REQUIRED ACTION: In your copy, include every line of the listing below exactly but none of the pictures.

DATA SEGMENT:
BEGIN

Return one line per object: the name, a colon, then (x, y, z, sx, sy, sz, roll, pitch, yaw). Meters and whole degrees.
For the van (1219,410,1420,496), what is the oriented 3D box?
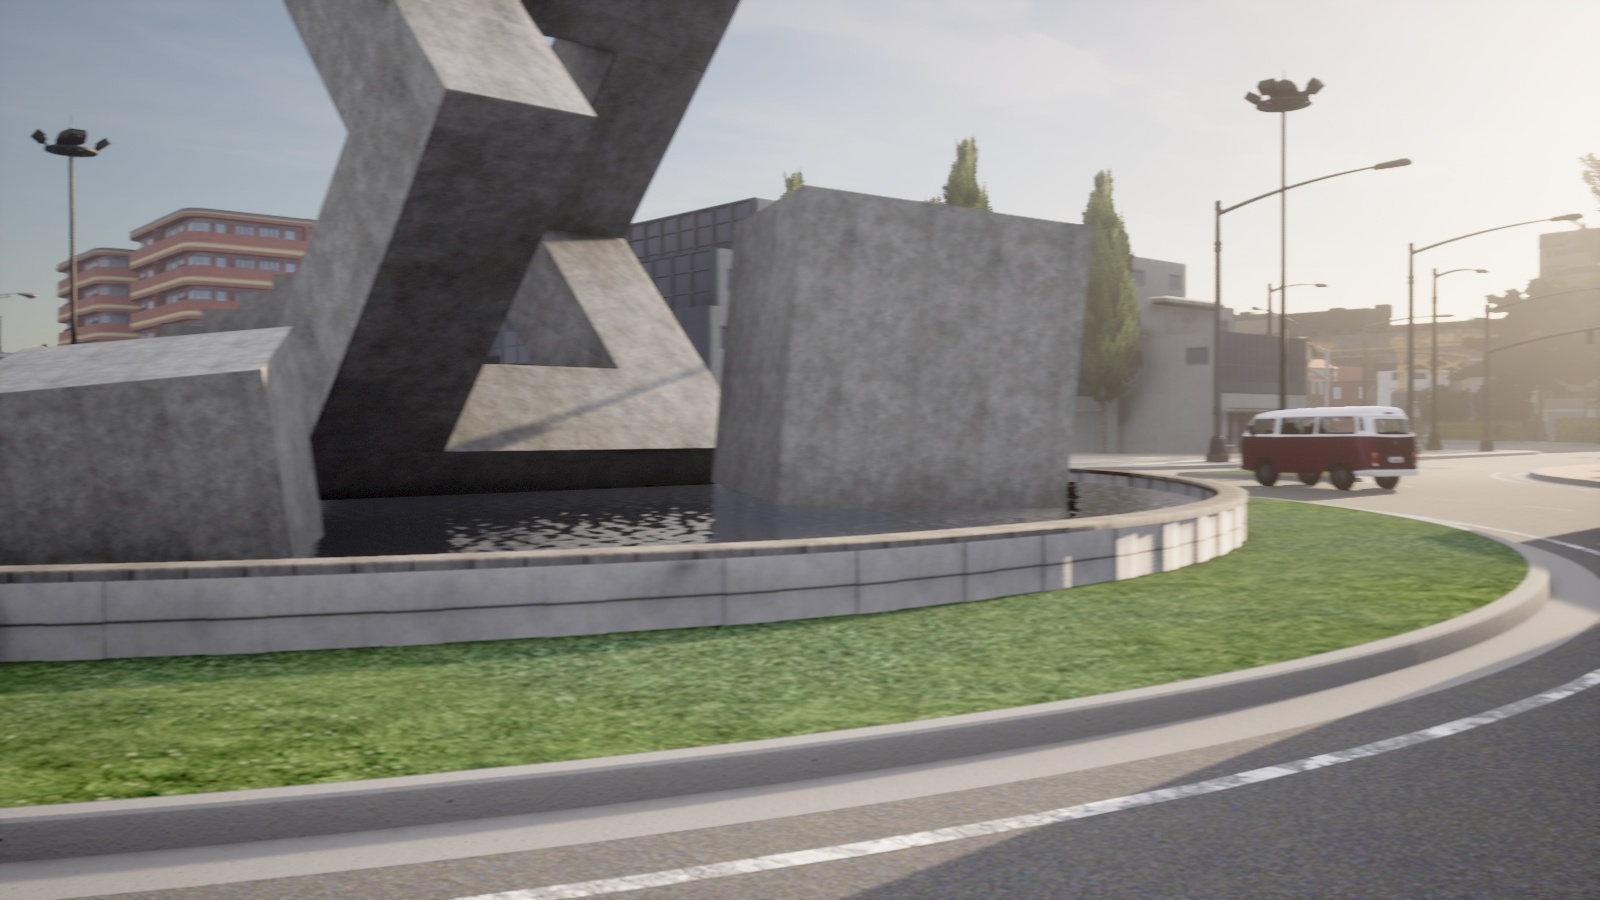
van: (13.089, 0.035, 31.943, 2.069, 2.038, 4.480, 0, 1, -24)

END

SOLUTION:
Return one line per object: the name, a colon, then (x, y, z, sx, sy, sz, roll, pitch, yaw). Meters and whole degrees.
For the van (1219,410,1420,496), what is the oriented 3D box?
van: (13.089, 0.035, 31.943, 2.069, 2.038, 4.480, 0, 1, -24)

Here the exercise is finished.